### Work required
For the entries that follow, restate word for word the line containing "Offer a terse response. 3.24.", the line containing "Make the answer very short. 0.91.", and every line that lies between them.

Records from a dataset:

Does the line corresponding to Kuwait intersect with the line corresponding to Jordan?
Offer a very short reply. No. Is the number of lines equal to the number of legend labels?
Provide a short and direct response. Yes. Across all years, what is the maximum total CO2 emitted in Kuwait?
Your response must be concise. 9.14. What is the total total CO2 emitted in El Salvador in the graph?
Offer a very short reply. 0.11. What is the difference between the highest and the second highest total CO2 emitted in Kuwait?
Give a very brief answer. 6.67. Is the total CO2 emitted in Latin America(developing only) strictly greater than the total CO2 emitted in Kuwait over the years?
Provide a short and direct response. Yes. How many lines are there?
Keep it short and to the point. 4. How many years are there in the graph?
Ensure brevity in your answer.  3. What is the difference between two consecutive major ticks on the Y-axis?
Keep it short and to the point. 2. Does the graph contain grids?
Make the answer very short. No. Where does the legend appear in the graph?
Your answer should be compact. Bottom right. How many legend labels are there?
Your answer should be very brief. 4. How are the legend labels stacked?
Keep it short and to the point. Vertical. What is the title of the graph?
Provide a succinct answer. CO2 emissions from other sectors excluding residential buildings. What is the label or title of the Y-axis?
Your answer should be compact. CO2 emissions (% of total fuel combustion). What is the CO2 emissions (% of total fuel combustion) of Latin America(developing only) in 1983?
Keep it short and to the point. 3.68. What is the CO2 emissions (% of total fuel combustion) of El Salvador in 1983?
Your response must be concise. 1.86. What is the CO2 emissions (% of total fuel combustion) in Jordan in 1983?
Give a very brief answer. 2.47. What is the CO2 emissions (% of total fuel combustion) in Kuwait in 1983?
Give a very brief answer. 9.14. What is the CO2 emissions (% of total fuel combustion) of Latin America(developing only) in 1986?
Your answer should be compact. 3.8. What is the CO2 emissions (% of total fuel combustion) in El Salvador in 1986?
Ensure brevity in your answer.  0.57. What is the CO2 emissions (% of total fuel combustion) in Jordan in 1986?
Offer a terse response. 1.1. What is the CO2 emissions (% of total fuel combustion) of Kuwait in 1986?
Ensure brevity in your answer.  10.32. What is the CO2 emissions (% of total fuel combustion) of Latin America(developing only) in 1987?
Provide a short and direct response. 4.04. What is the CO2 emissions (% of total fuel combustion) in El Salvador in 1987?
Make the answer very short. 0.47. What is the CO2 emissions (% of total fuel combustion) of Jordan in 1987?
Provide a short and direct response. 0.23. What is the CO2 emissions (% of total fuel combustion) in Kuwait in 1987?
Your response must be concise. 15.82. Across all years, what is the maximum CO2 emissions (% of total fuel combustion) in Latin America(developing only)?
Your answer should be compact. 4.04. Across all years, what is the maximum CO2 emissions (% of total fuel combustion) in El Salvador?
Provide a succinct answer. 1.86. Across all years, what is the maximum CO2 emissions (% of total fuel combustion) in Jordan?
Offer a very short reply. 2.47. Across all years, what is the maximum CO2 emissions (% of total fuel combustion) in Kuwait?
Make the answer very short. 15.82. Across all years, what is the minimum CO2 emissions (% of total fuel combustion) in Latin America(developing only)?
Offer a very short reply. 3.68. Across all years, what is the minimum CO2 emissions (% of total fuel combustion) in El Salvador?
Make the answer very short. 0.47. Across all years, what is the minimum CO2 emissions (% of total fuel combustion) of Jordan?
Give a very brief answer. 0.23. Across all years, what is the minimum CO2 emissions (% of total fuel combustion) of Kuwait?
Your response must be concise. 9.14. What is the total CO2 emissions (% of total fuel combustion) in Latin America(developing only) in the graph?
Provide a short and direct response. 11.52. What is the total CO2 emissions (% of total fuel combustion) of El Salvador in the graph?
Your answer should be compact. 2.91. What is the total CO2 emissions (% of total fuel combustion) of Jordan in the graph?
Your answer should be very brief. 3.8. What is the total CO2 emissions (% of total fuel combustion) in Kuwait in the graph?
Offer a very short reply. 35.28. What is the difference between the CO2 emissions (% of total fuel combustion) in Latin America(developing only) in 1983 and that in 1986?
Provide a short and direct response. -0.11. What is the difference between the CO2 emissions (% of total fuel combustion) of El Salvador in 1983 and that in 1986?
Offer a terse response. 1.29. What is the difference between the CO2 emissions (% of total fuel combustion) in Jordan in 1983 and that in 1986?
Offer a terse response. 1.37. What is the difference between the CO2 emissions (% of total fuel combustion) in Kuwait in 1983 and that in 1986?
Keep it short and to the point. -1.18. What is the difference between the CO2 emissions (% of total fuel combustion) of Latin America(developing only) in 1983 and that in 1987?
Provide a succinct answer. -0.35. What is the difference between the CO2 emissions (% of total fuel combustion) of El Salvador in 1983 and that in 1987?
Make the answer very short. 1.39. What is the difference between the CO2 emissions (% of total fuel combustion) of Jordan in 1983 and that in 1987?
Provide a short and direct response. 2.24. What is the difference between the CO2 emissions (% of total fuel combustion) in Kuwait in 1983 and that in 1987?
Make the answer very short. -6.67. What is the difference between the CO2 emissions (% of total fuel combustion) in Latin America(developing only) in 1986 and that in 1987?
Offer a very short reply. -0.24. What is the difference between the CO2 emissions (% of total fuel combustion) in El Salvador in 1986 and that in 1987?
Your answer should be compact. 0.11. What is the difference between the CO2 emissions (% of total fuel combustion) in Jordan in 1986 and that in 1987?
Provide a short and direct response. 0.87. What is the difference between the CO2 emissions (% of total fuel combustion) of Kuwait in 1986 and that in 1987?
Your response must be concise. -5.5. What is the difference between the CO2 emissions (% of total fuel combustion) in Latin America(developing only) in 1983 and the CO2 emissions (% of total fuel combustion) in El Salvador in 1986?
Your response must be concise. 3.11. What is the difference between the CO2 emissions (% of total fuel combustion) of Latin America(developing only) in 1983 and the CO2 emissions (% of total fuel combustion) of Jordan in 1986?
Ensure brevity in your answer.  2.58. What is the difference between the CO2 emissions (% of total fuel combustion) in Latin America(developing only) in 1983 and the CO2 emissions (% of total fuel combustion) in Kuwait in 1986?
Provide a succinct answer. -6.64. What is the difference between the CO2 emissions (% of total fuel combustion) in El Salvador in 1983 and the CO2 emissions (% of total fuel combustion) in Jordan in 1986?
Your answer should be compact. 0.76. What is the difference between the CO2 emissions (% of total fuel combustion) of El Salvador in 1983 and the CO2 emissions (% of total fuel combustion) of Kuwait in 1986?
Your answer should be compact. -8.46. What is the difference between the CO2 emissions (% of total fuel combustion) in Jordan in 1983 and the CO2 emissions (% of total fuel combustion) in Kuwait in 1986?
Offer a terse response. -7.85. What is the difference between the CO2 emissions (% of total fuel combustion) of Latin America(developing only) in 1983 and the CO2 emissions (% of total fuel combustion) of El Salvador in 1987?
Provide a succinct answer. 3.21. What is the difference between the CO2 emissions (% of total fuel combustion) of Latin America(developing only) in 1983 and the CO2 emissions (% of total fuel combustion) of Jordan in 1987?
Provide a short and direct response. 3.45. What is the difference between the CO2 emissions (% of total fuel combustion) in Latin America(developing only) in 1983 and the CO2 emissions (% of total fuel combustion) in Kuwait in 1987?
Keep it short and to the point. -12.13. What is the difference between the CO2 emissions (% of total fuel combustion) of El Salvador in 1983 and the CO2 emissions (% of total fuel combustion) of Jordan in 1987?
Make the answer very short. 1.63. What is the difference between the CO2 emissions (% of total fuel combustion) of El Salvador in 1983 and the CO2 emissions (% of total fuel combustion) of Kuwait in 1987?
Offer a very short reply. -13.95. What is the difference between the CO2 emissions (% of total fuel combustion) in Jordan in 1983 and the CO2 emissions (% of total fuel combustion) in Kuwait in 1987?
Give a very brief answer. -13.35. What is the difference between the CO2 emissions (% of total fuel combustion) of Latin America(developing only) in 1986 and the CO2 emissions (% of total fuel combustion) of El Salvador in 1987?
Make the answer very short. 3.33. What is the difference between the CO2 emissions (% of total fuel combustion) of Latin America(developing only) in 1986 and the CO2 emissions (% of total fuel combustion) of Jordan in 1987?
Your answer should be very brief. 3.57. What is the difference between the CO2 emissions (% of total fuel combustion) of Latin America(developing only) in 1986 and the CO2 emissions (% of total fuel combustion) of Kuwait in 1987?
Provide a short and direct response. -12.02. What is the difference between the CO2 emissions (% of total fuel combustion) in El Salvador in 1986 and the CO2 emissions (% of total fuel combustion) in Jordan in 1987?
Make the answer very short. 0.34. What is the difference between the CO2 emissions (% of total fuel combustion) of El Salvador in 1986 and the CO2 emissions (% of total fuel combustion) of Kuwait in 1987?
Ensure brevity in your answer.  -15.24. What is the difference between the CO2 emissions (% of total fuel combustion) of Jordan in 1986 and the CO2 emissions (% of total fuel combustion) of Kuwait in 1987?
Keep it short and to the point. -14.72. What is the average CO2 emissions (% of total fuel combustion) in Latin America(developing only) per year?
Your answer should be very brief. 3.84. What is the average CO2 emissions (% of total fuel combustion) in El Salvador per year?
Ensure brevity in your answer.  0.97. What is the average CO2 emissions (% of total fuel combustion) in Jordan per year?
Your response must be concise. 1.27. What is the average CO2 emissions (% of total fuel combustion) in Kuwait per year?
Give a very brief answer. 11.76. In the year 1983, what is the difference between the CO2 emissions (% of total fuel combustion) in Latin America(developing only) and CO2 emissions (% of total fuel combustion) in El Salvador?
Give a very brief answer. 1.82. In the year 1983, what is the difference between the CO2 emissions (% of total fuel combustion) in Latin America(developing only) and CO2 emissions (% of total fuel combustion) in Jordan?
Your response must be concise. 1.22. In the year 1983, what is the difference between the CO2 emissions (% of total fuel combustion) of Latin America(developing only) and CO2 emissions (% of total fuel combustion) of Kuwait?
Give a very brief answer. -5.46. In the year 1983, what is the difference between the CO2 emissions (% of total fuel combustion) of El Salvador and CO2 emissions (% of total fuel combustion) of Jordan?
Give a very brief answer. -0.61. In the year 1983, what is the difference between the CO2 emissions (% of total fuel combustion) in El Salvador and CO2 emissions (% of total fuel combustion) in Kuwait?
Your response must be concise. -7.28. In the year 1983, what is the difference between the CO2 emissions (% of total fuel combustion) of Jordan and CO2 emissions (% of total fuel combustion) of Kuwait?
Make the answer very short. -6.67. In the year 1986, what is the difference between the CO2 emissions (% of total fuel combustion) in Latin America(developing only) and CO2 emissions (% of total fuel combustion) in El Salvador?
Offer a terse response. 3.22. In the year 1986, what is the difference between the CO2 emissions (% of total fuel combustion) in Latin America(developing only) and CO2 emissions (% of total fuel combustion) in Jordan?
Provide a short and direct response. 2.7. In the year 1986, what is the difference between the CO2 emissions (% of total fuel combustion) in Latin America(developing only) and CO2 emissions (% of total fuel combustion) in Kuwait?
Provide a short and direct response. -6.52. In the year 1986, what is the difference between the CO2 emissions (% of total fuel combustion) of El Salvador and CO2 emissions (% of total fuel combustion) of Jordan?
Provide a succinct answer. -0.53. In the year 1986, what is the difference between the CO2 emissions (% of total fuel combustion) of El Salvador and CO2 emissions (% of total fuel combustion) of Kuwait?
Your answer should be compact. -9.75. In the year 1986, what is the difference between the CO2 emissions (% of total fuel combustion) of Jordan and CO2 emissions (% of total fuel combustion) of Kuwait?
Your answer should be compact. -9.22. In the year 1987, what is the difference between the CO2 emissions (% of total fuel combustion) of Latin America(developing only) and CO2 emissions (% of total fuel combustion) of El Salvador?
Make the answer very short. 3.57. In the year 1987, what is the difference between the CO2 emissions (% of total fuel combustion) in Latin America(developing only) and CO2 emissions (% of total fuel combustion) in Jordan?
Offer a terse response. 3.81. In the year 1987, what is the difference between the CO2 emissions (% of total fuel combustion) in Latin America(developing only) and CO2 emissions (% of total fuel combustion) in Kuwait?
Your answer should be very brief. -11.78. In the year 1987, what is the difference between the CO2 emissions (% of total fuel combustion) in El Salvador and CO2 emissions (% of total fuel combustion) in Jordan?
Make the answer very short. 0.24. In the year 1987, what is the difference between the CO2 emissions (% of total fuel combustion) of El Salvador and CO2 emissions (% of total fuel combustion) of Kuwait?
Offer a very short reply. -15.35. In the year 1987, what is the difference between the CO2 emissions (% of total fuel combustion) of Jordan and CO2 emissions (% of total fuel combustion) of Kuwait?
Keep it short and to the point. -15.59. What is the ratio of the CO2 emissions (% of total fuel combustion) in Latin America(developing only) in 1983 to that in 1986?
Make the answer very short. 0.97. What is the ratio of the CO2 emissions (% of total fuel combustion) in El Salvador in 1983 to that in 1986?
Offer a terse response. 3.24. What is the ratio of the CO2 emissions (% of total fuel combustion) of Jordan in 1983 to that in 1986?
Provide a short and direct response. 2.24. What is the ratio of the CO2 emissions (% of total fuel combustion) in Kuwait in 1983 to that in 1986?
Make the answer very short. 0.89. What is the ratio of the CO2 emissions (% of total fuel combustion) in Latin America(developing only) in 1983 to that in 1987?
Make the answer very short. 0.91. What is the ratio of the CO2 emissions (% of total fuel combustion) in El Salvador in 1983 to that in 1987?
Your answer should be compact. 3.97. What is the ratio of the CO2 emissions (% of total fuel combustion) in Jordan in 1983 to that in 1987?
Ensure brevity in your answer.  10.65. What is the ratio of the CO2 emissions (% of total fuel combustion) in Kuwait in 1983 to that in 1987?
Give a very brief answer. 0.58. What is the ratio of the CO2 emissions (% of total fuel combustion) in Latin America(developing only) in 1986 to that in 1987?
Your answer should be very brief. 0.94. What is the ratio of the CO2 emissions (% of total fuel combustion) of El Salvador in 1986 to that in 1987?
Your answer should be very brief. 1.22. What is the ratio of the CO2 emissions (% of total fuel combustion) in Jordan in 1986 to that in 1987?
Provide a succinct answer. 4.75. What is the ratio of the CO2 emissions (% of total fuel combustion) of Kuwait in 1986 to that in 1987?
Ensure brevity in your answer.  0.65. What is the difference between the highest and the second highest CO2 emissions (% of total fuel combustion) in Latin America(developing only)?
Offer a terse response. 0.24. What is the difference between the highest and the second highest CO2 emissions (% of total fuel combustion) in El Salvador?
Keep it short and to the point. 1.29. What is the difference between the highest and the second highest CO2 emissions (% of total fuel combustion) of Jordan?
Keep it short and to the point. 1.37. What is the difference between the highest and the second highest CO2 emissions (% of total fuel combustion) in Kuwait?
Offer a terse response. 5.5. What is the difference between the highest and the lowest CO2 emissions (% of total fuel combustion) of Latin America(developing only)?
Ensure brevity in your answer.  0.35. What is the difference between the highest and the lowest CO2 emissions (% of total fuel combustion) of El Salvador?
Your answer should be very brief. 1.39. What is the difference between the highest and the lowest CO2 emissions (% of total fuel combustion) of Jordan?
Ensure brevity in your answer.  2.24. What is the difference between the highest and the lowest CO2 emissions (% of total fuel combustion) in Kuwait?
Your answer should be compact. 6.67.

### Task response
Offer a terse response. 3.24. What is the ratio of the CO2 emissions (% of total fuel combustion) of Jordan in 1983 to that in 1986?
Provide a short and direct response. 2.24. What is the ratio of the CO2 emissions (% of total fuel combustion) in Kuwait in 1983 to that in 1986?
Make the answer very short. 0.89. What is the ratio of the CO2 emissions (% of total fuel combustion) in Latin America(developing only) in 1983 to that in 1987?
Make the answer very short. 0.91. What is the ratio of the CO2 emissions (% of total fuel combustion) in El Salvador in 1983 to that in 1987?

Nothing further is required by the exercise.